Thinking about the 'America as afterimage' definitely enhanced my enjoyment of the series. I found myself watching more carefully, thinking more about the motifs and landscape montages, loving the opening title sequence even more and finding more precisely, during the suspenseful parts that it was worth waiting to see how Rust and Hart would reconcile the experiences they were having in the story.

I found Matthew McConaughey's portrayal of Rustin Cohle utterly captivating. A deep and reflective reticence that makes you think still waters run deep. To understand what you get from Rust there's no need to go beyond the cue his detective partner Hart - Woody Harrelson offers: "He's real quiet, he doesn't talk much, until you want him to shut the fuck up". 

If storytellers want to go off into dark worlds, we all need characters like Hart to keep us pinned to a safe marker of reality we think we know. Harrelson's portrayal of the macho cop, of course does have a shadow side we discover. His release is sex and through the inversion of the 'good' cop we thought was the sane one, we see that there are shadow sides of, well, anything.

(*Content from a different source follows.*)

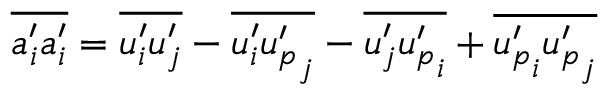Convert formula to latex. <formula><loc_0><loc_0><loc_500><loc_500>\overline { { a _ { i } ^ { \prime } a _ { i } ^ { \prime } } } = \overline { { u _ { i } ^ { \prime } u _ { j } ^ { \prime } } } - \overline { { u _ { i } ^ { \prime } { u _ { p } ^ { \prime } } _ { j } } } - \overline { { u _ { j } ^ { \prime } { u _ { p } ^ { \prime } } _ { i } } } + \overline { { { u _ { p } ^ { \prime } } _ { i } { u _ { p } ^ { \prime } } _ { j } } }</formula>

For True Detective, as the filmmakers say and as the series re-confirms at the end, is about light vs dark.

In the final scene, we see Matthew McConaughey's character Rust, say to Harrelson's Hart "It's just one story, the oldest. Light versus dark". He goes on to finally assert, "If you ask me, light's winning." 

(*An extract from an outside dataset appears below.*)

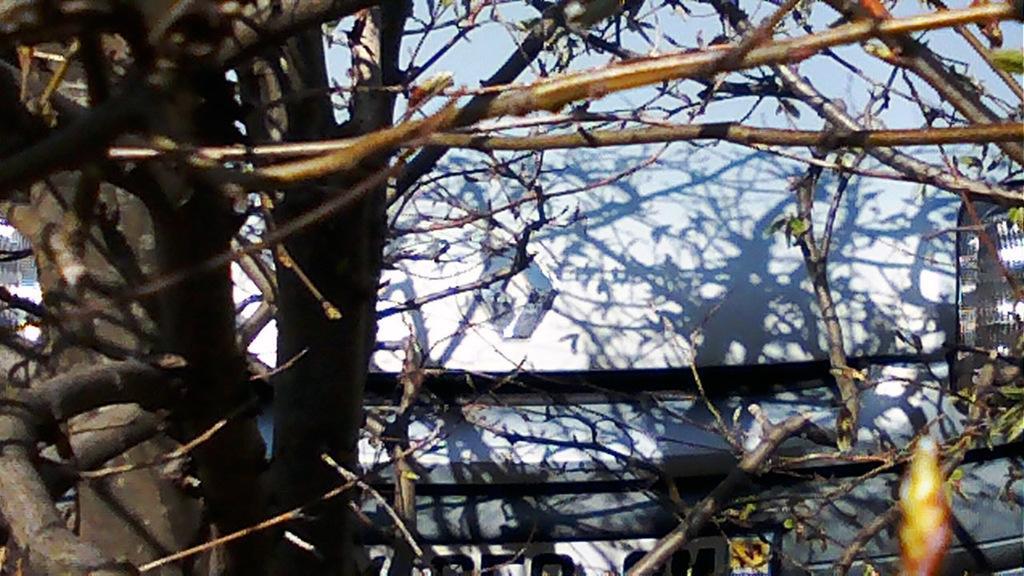Please provide a concise description of this image. In this image we can see a tree without leaves and a wall.

Doing 'extras' for TV drama, feature film etc isn't new. We loved MadMen's video extra's where the cast and creator Matthew Weiner talked about what was happening for the characters in each scene or stage of their lives. Since AMC did this, it's all very standard to get access to 'what's going on!' from the filmmakers, but for me the original and the best deep discussion about content was Shonda Rhime's podcasts about early seasons of Grey's Anatomy.

The writers would talk for sometimes up to an hour about the significance of each challenge for the scene and the story. In this, was an exhilarating reverberation of meaning and importance which was sometimes more satisfying then the original episodes. Again, whatever you think about Grey's Anatomy, if it's not a genre you particularly like, thinking about more than just 'what happened' narratively, but rather - what is this actually about, give us a chance to - dive deeper into the meta-stories, or see clearly the bigger clues of how storytelling processes our human experience. Done well, this can serve to make richer the original text.